## Problem requirements
Strip out the pictures and transcribe the records that follow exactly.

## Records shown
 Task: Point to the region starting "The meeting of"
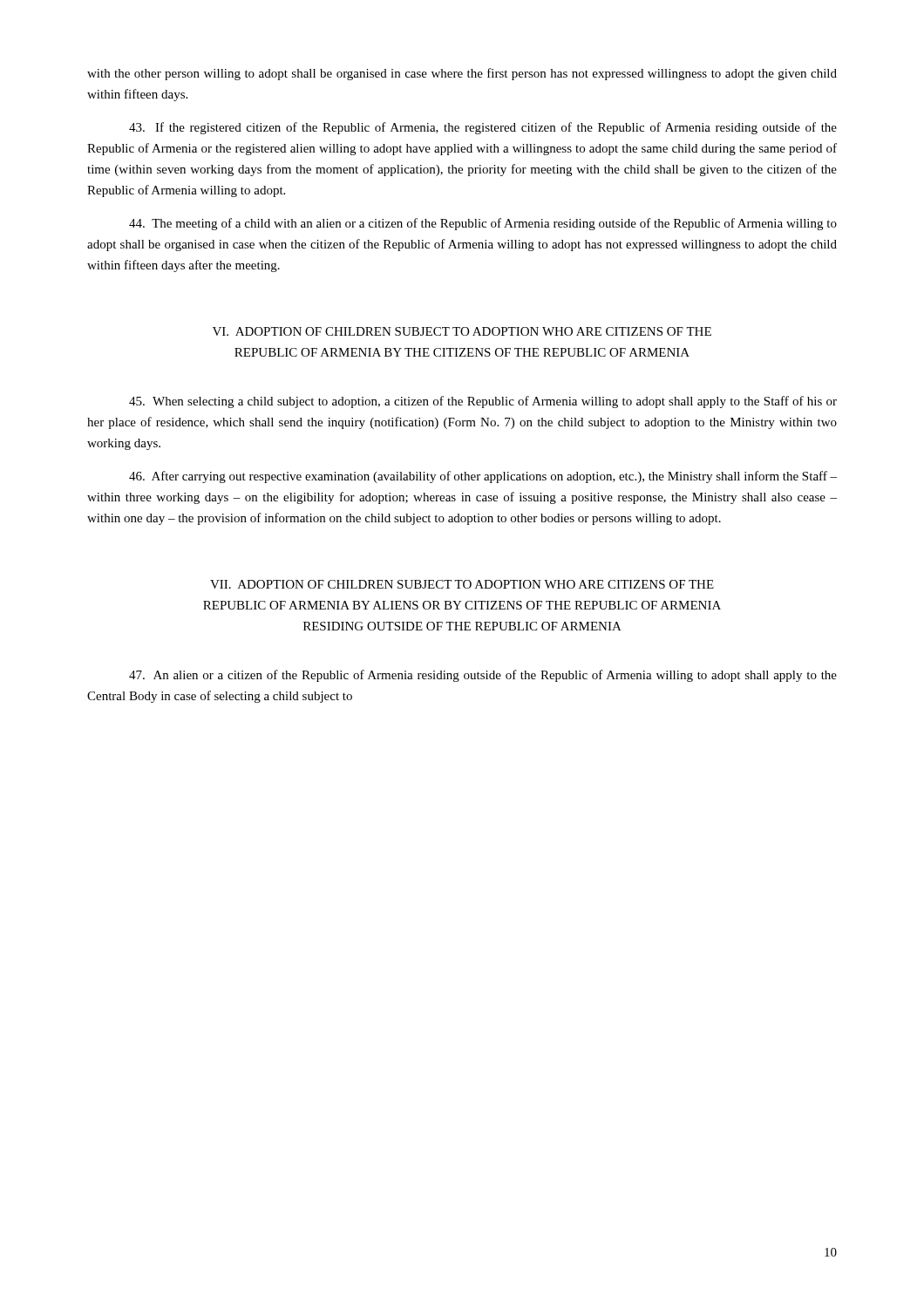(x=462, y=244)
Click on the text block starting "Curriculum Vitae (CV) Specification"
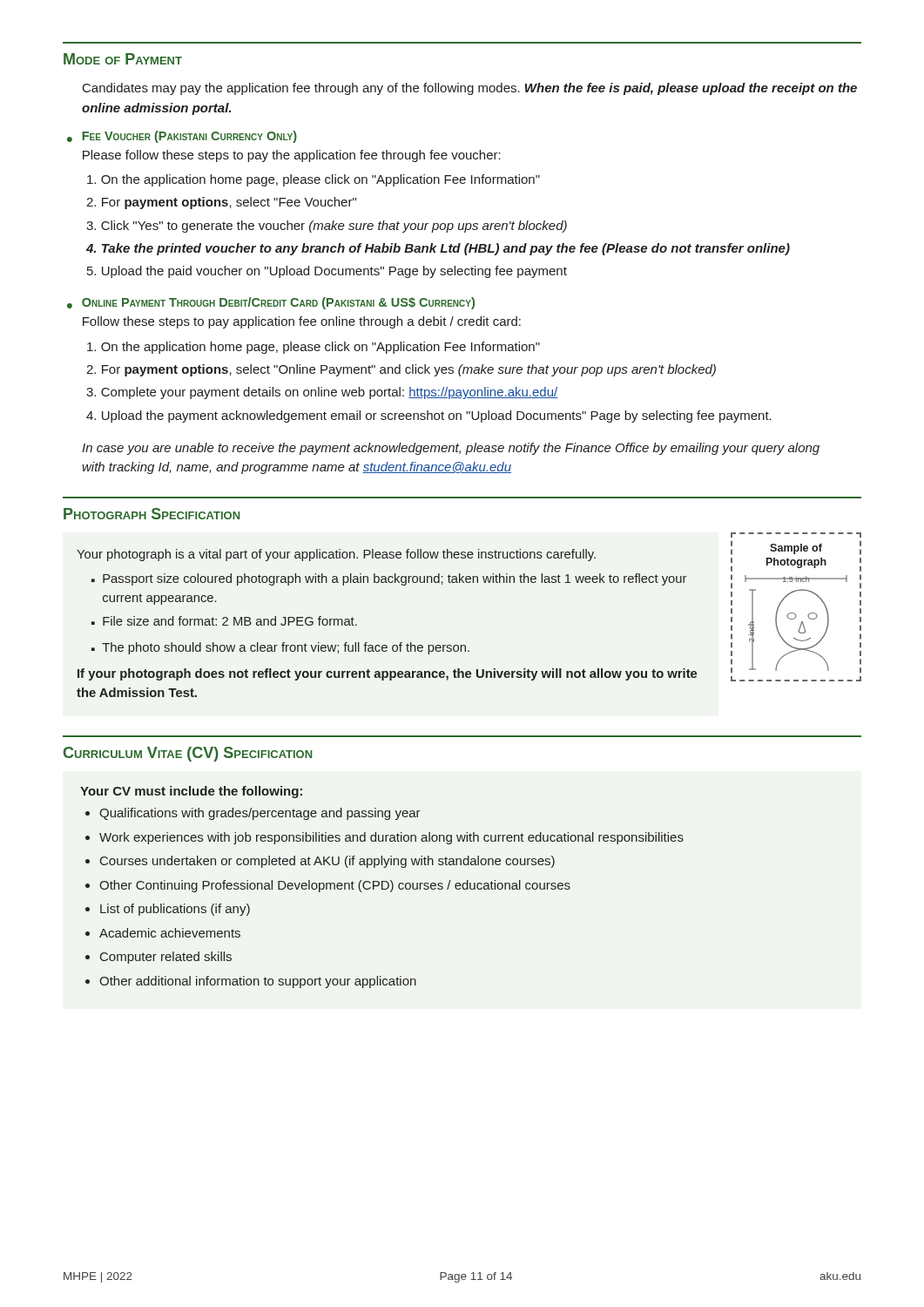The height and width of the screenshot is (1307, 924). tap(188, 753)
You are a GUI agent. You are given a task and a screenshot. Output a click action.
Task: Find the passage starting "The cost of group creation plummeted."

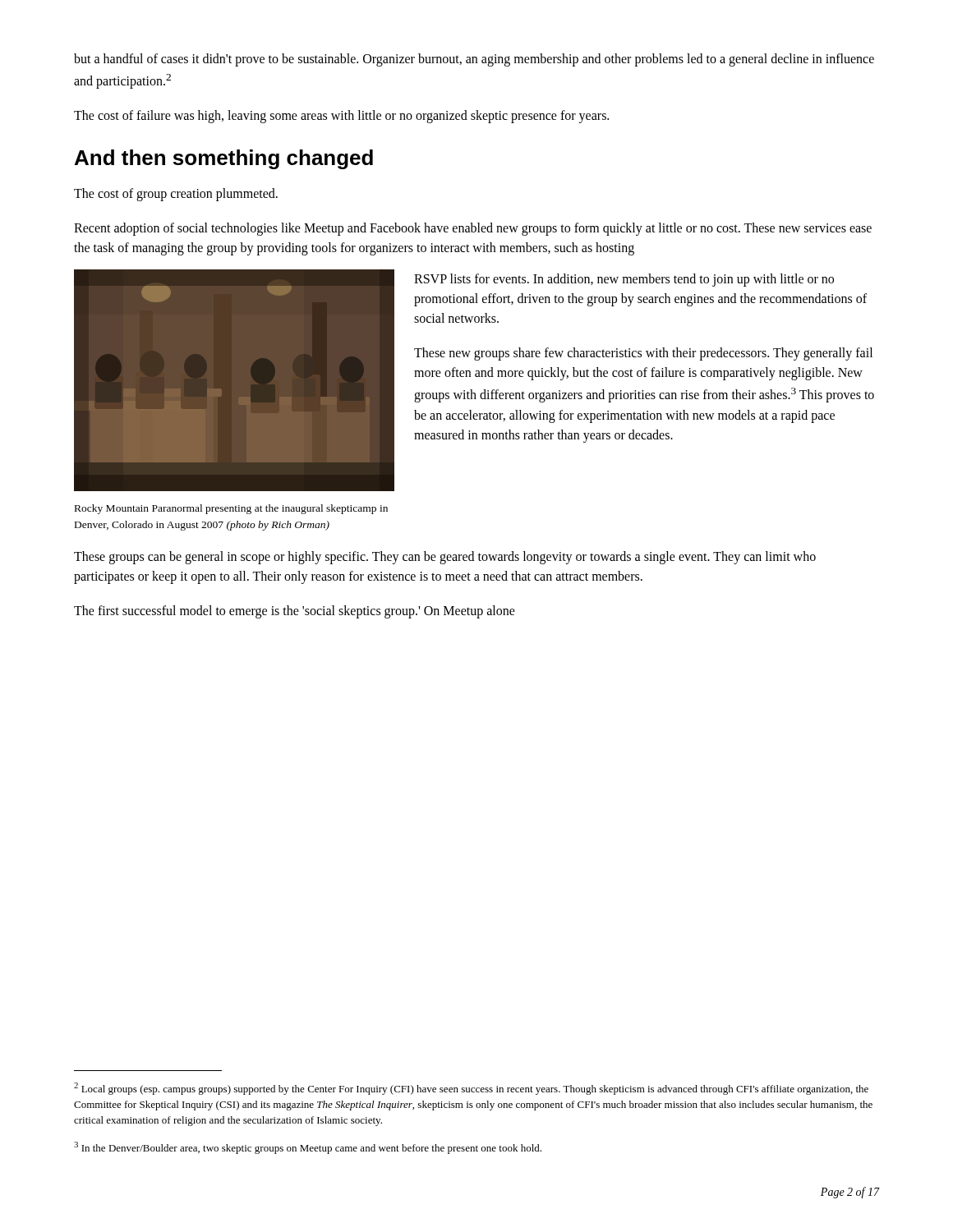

## Solved problem
 Task: Point to the region starting "The meeting of"
(x=462, y=244)
Click on the text block starting "Curriculum Vitae (CV) Specification"
The height and width of the screenshot is (1307, 924). tap(188, 753)
You are a GUI agent. You are given a task and a screenshot. Output a click action.
Task: Find the passage starting "The cost of group creation plummeted."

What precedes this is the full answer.